Query-Time Rows Retrieval¶
In query-time rows retrieval, we embed the rows of each table, resulting in one index per table.
from llama_index.core.schema import TextNode
with engine.connect() as connection:
results = connection.execute(stmt).fetchall()
city_nodes = [TextNode(text=str(t)) for t in results]
city_rows_index = VectorStoreIndex(
city_nodes, embed_model=OpenAIEmbedding(model="text-embedding-3-small")
)
city_rows_retriever = city_rows_index.as_retriever(similarity_top_k=1)
city_rows_retriever.retrieve("US")
[NodeWithScore(node=TextNode(id_='8ae10176-afd8-40ee-a97b-b24f66235489', embedding=None, metadata={}, excluded_embed_metadata_keys=[], excluded_llm_metadata_keys=[], relationships={}, metadata_template='{key}: {value}', metadata_separator='\n', text="('Chicago', 2679000, 'United States')", mimetype='text/plain', start_char_idx=None, end_char_idx=None, metadata_seperator='\n', text_template='{metadata_str}\n\n{content}'), score=0.7843469586763699)]

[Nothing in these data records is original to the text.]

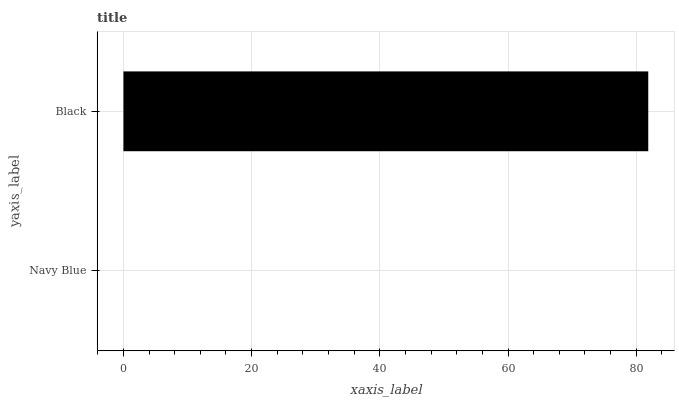Is Navy Blue the minimum?
Answer yes or no. Yes. Is Black the maximum?
Answer yes or no. Yes. Is Black the minimum?
Answer yes or no. No. Is Black greater than Navy Blue?
Answer yes or no. Yes. Is Navy Blue less than Black?
Answer yes or no. Yes. Is Navy Blue greater than Black?
Answer yes or no. No. Is Black less than Navy Blue?
Answer yes or no. No. Is Black the high median?
Answer yes or no. Yes. Is Navy Blue the low median?
Answer yes or no. Yes. Is Navy Blue the high median?
Answer yes or no. No. Is Black the low median?
Answer yes or no. No. 
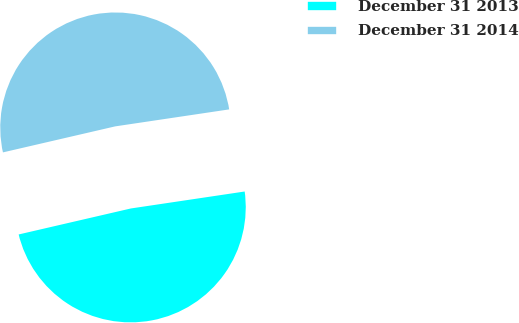Convert chart to OTSL. <chart><loc_0><loc_0><loc_500><loc_500><pie_chart><fcel>December 31 2013<fcel>December 31 2014<nl><fcel>48.73%<fcel>51.27%<nl></chart> 
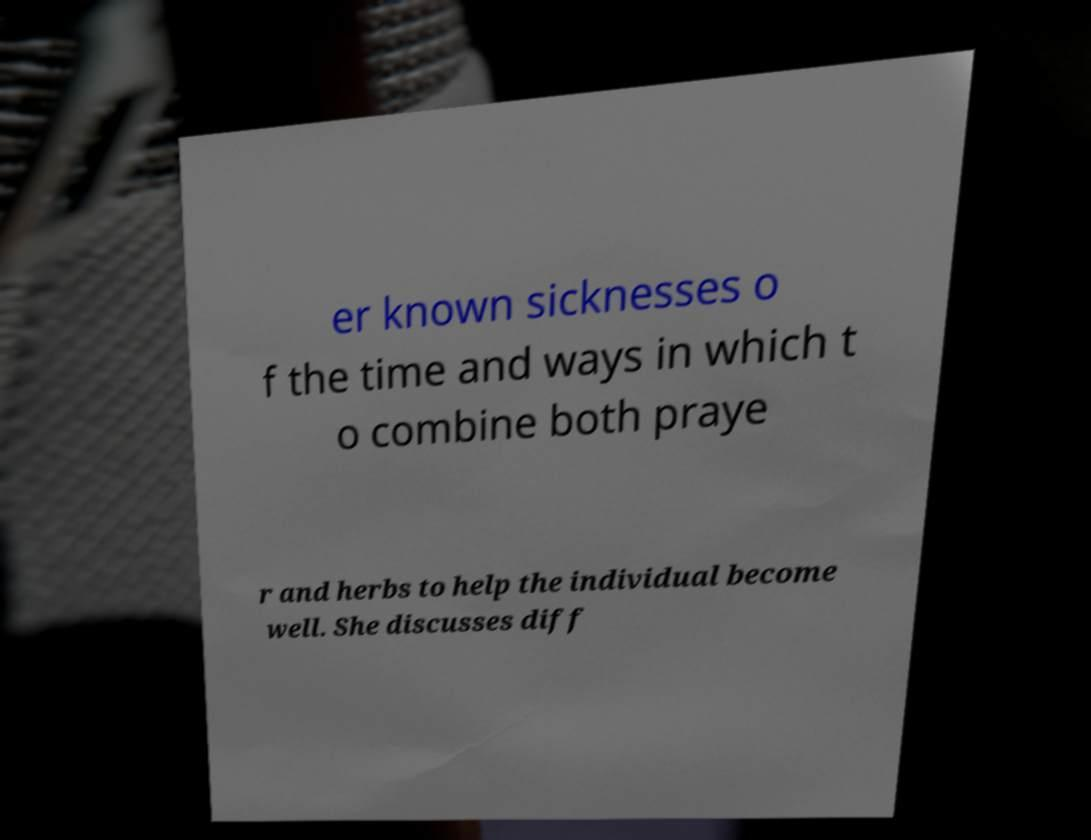Can you read and provide the text displayed in the image?This photo seems to have some interesting text. Can you extract and type it out for me? er known sicknesses o f the time and ways in which t o combine both praye r and herbs to help the individual become well. She discusses diff 
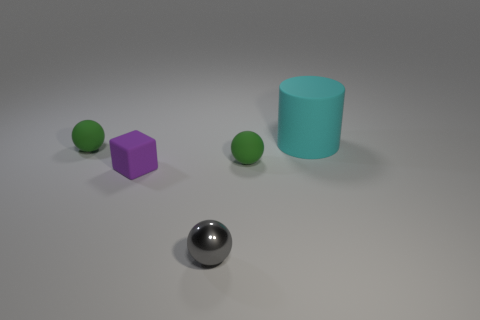Is there anything else that is the same size as the cyan object?
Your answer should be very brief. No. Are there more big purple spheres than tiny spheres?
Your answer should be compact. No. There is a tiny sphere that is to the left of the shiny ball; does it have the same color as the small metallic object?
Provide a short and direct response. No. What number of objects are rubber objects on the left side of the cyan cylinder or small green objects that are behind the small gray metallic sphere?
Your response must be concise. 3. How many things are behind the gray ball and right of the small purple cube?
Offer a very short reply. 2. Is the material of the tiny purple block the same as the cylinder?
Your answer should be compact. Yes. What is the shape of the thing that is right of the green rubber sphere to the right of the small rubber sphere to the left of the tiny purple object?
Ensure brevity in your answer.  Cylinder. What is the material of the thing that is right of the tiny metal thing and to the left of the big matte thing?
Provide a succinct answer. Rubber. There is a small rubber sphere on the right side of the green ball that is behind the green rubber object to the right of the tiny block; what color is it?
Ensure brevity in your answer.  Green. What number of purple objects are big cylinders or tiny cubes?
Offer a terse response. 1. 
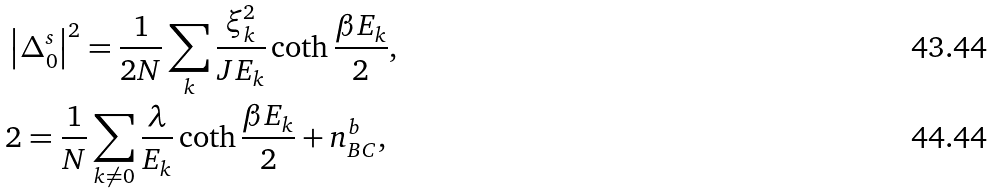<formula> <loc_0><loc_0><loc_500><loc_500>& \left | \Delta _ { 0 } ^ { s } \right | ^ { 2 } = \frac { 1 } { 2 N } \sum _ { k } \frac { \xi _ { k } ^ { 2 } } { J E _ { k } } \coth \frac { \beta E _ { k } } { 2 } , \\ & 2 = \frac { 1 } { N } \sum _ { k \neq 0 } \frac { \lambda } { E _ { k } } \coth \frac { \beta E _ { k } } { 2 } + n _ { B C } ^ { b } ,</formula> 
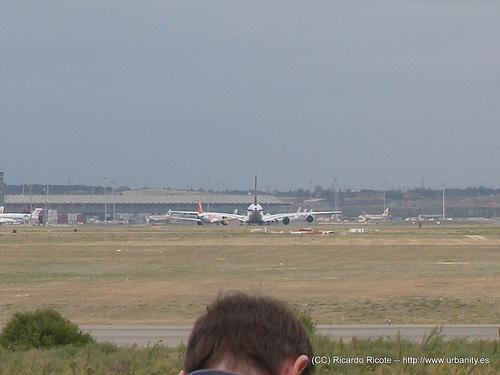Briefly describe the scene of the airport. There is a white plane on the runway with a red tail, surrounded by green and brown fields, grey roads, and distant trees. Describe the main features of the airport. The airport has a white plane on the runway, a red tail on the plane, a group of planes in the distance, green grass on the ground, and a view of the airport. What is the predominant weather according to the image? The predominant weather is overcast due to the presence of grey and cloudy sky, thick clouds covering the sky, and white clouds in the blue sky. Mention five elements or objects that are present in the sky. White clouds, blue sky, grey and cloudy sky, thick clouds cover the sky, and overcast sky. List three elements present in the vicinity of the planes. Green and brown field, grey road near the field, and trees in the far distance. Which task would be best suited for identifying and locating clouds in the sky? Referential expression grounding task. What type of task would be most appropriate for differentiating between the various sky elements in the image? Multi-choice VQA task.

Then, the rows retriever of each table can be provided to the SQLTableRetrieverQueryEngine.
rows_retrievers = {
"city_stats": city_rows_retriever,
}
query_engine = SQLTableRetrieverQueryEngine(
sql_database,
obj_index.as_retriever(similarity_top_k=1),
rows_retrievers=rows_retrievers,
)
During querying, the row retrievers are used to identify the rows most semantically similar to the input query. These retrieved rows are then incorporated as context to enhance the performance of the text-to-SQL generation.
response = query_engine.query("How many cities are in the US?")
display(Markdown(f"<b>{response}</b>"))
There are 2 cities in the United States according to the data in the city_stats table.
Query-Time Columns Retrieval¶
While query-time row retrieval enhances text-to-SQL generation, it embeds each row individually, even when many rows share repeated values—such as those in categorical. This can lead to token inefficiency and unnecessary overhead. Moreover, in tables with a large number of columns, the retriever may surface only a subset of relevant values, potentially omitting others that are important for accurate query generation.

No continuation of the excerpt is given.